╔══

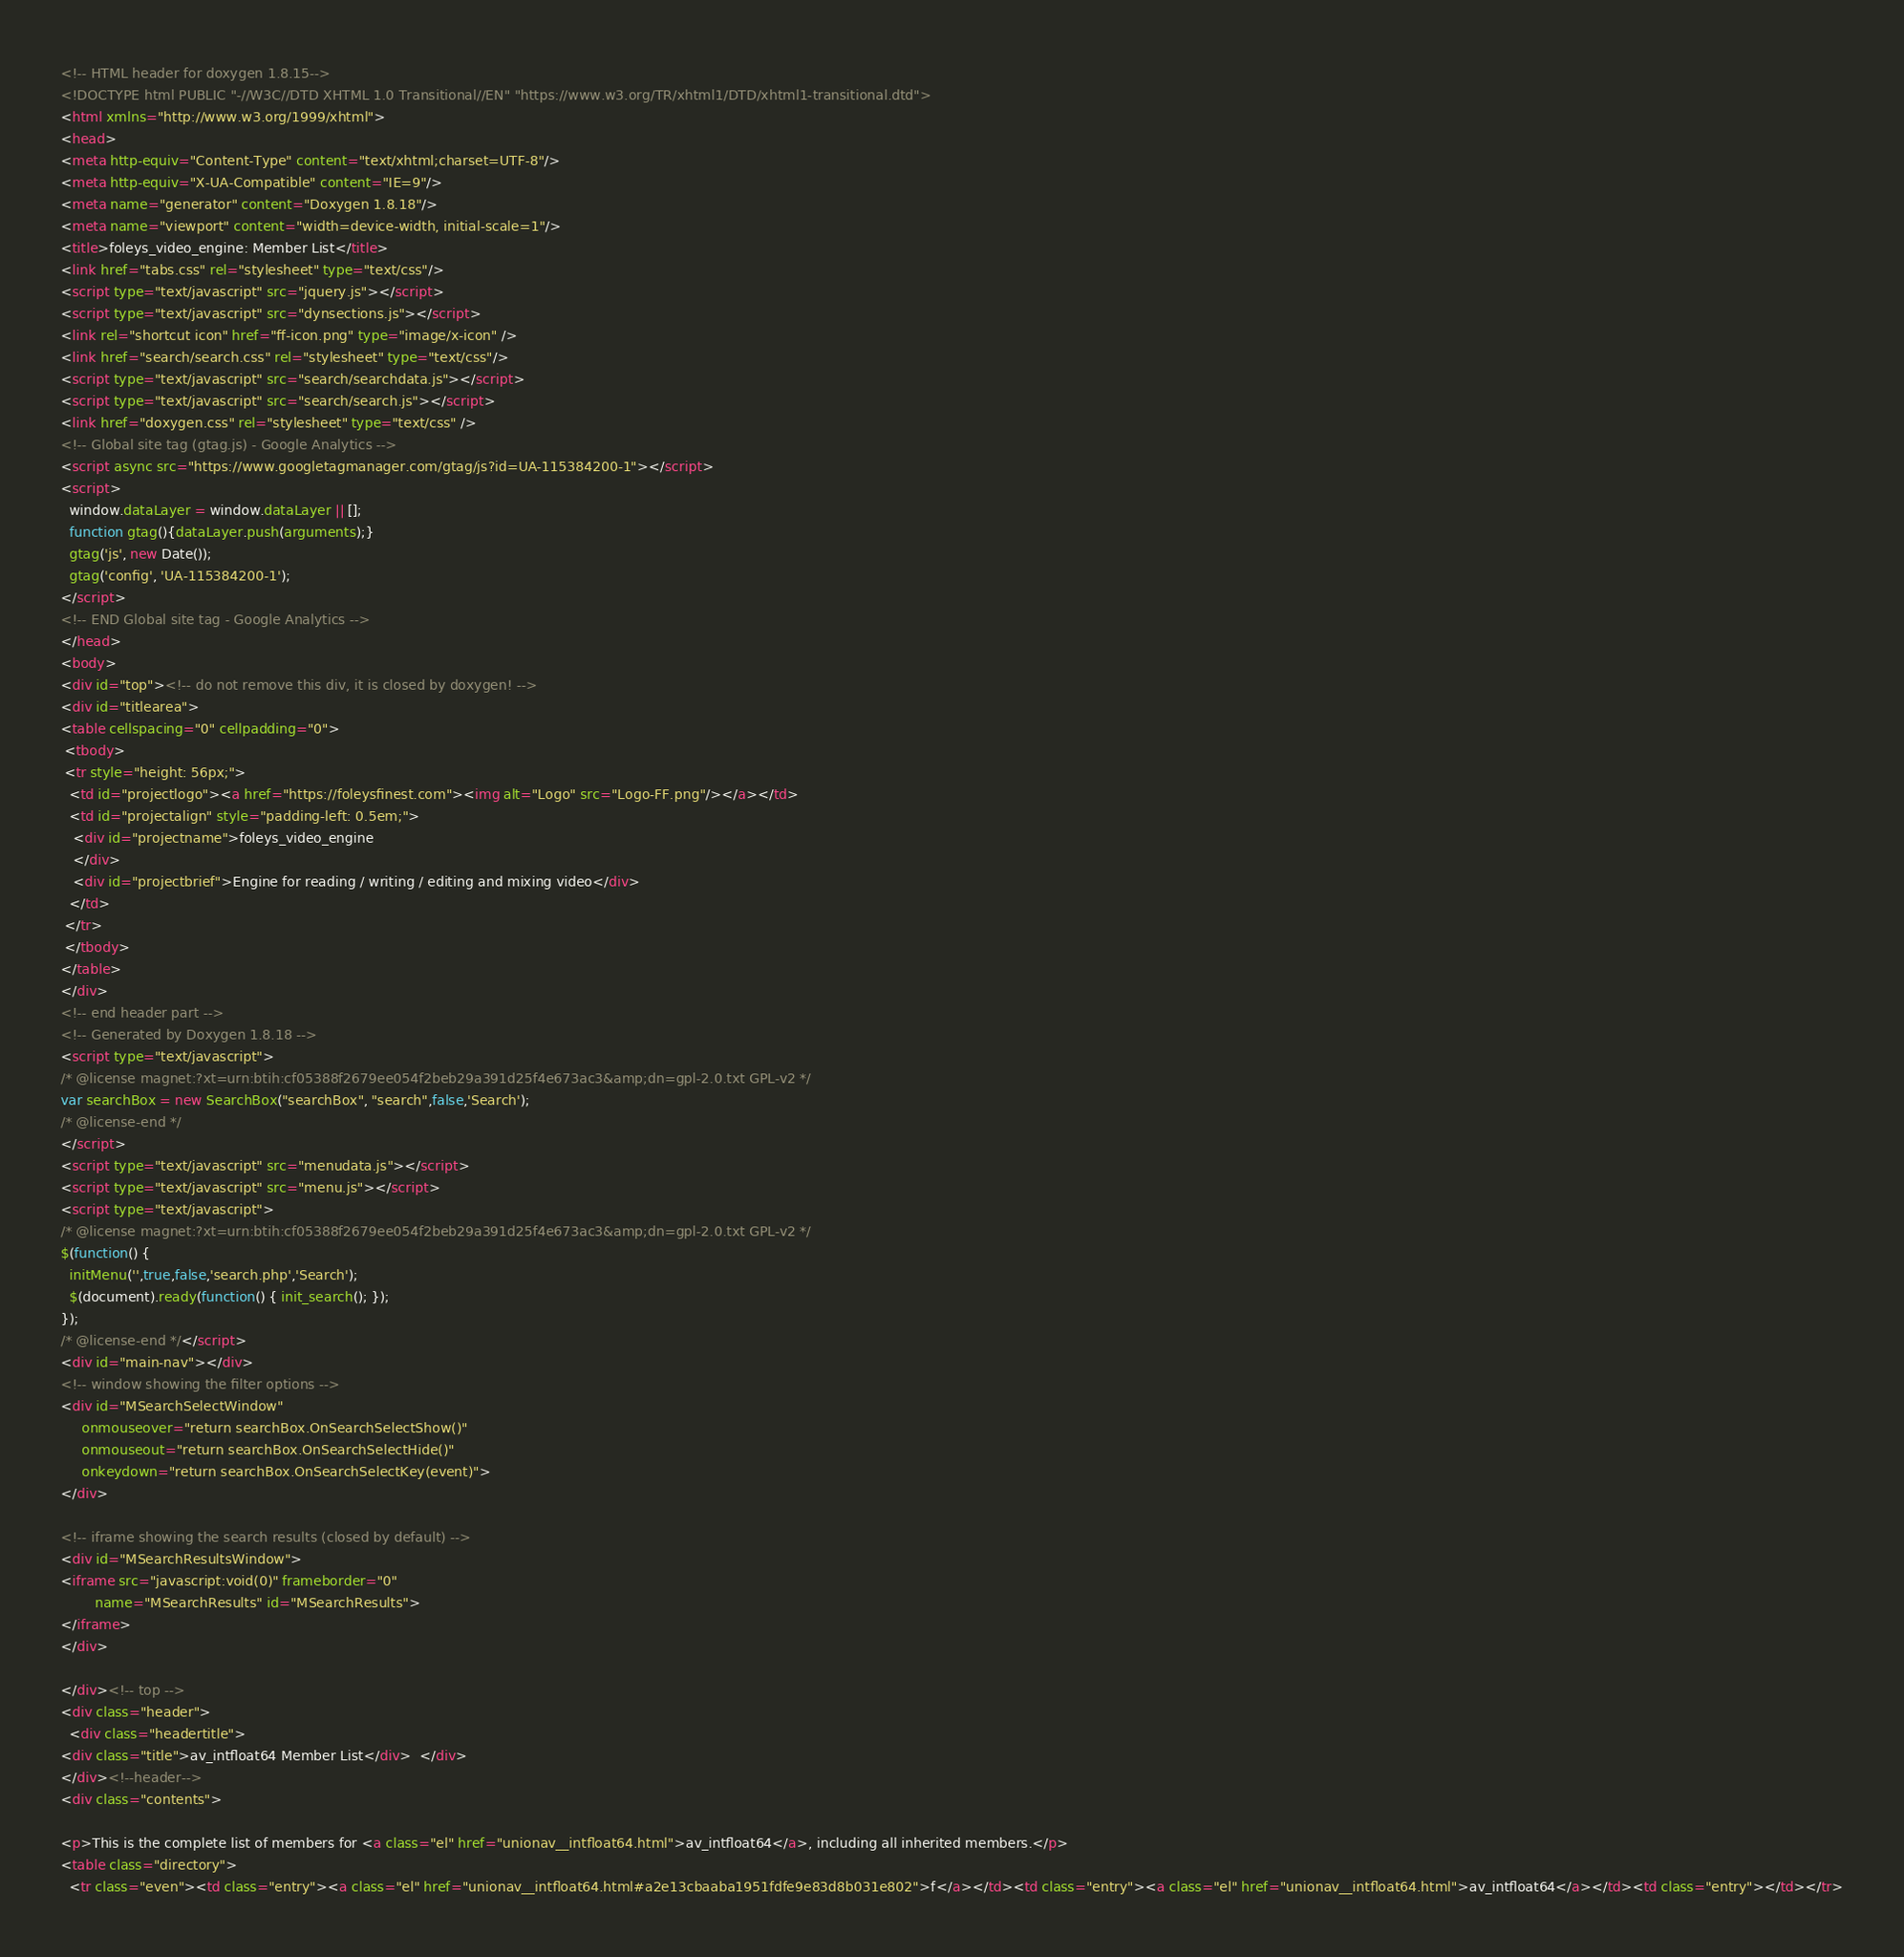Convert code to text. <code><loc_0><loc_0><loc_500><loc_500><_HTML_><!-- HTML header for doxygen 1.8.15-->
<!DOCTYPE html PUBLIC "-//W3C//DTD XHTML 1.0 Transitional//EN" "https://www.w3.org/TR/xhtml1/DTD/xhtml1-transitional.dtd">
<html xmlns="http://www.w3.org/1999/xhtml">
<head>
<meta http-equiv="Content-Type" content="text/xhtml;charset=UTF-8"/>
<meta http-equiv="X-UA-Compatible" content="IE=9"/>
<meta name="generator" content="Doxygen 1.8.18"/>
<meta name="viewport" content="width=device-width, initial-scale=1"/>
<title>foleys_video_engine: Member List</title>
<link href="tabs.css" rel="stylesheet" type="text/css"/>
<script type="text/javascript" src="jquery.js"></script>
<script type="text/javascript" src="dynsections.js"></script>
<link rel="shortcut icon" href="ff-icon.png" type="image/x-icon" />
<link href="search/search.css" rel="stylesheet" type="text/css"/>
<script type="text/javascript" src="search/searchdata.js"></script>
<script type="text/javascript" src="search/search.js"></script>
<link href="doxygen.css" rel="stylesheet" type="text/css" />
<!-- Global site tag (gtag.js) - Google Analytics -->
<script async src="https://www.googletagmanager.com/gtag/js?id=UA-115384200-1"></script>
<script>
  window.dataLayer = window.dataLayer || [];
  function gtag(){dataLayer.push(arguments);}
  gtag('js', new Date());
  gtag('config', 'UA-115384200-1');
</script>
<!-- END Global site tag - Google Analytics -->
</head>
<body>
<div id="top"><!-- do not remove this div, it is closed by doxygen! -->
<div id="titlearea">
<table cellspacing="0" cellpadding="0">
 <tbody>
 <tr style="height: 56px;">
  <td id="projectlogo"><a href="https://foleysfinest.com"><img alt="Logo" src="Logo-FF.png"/></a></td>
  <td id="projectalign" style="padding-left: 0.5em;">
   <div id="projectname">foleys_video_engine
   </div>
   <div id="projectbrief">Engine for reading / writing / editing and mixing video</div>
  </td>
 </tr>
 </tbody>
</table>
</div>
<!-- end header part -->
<!-- Generated by Doxygen 1.8.18 -->
<script type="text/javascript">
/* @license magnet:?xt=urn:btih:cf05388f2679ee054f2beb29a391d25f4e673ac3&amp;dn=gpl-2.0.txt GPL-v2 */
var searchBox = new SearchBox("searchBox", "search",false,'Search');
/* @license-end */
</script>
<script type="text/javascript" src="menudata.js"></script>
<script type="text/javascript" src="menu.js"></script>
<script type="text/javascript">
/* @license magnet:?xt=urn:btih:cf05388f2679ee054f2beb29a391d25f4e673ac3&amp;dn=gpl-2.0.txt GPL-v2 */
$(function() {
  initMenu('',true,false,'search.php','Search');
  $(document).ready(function() { init_search(); });
});
/* @license-end */</script>
<div id="main-nav"></div>
<!-- window showing the filter options -->
<div id="MSearchSelectWindow"
     onmouseover="return searchBox.OnSearchSelectShow()"
     onmouseout="return searchBox.OnSearchSelectHide()"
     onkeydown="return searchBox.OnSearchSelectKey(event)">
</div>

<!-- iframe showing the search results (closed by default) -->
<div id="MSearchResultsWindow">
<iframe src="javascript:void(0)" frameborder="0" 
        name="MSearchResults" id="MSearchResults">
</iframe>
</div>

</div><!-- top -->
<div class="header">
  <div class="headertitle">
<div class="title">av_intfloat64 Member List</div>  </div>
</div><!--header-->
<div class="contents">

<p>This is the complete list of members for <a class="el" href="unionav__intfloat64.html">av_intfloat64</a>, including all inherited members.</p>
<table class="directory">
  <tr class="even"><td class="entry"><a class="el" href="unionav__intfloat64.html#a2e13cbaaba1951fdfe9e83d8b031e802">f</a></td><td class="entry"><a class="el" href="unionav__intfloat64.html">av_intfloat64</a></td><td class="entry"></td></tr></code>

╚══

--- EXERCISE GOAL ---
Please state how many lines of the entries above include the string "searchBox", giving the number and nothing more.

--- WRITTEN ANSWER ---
4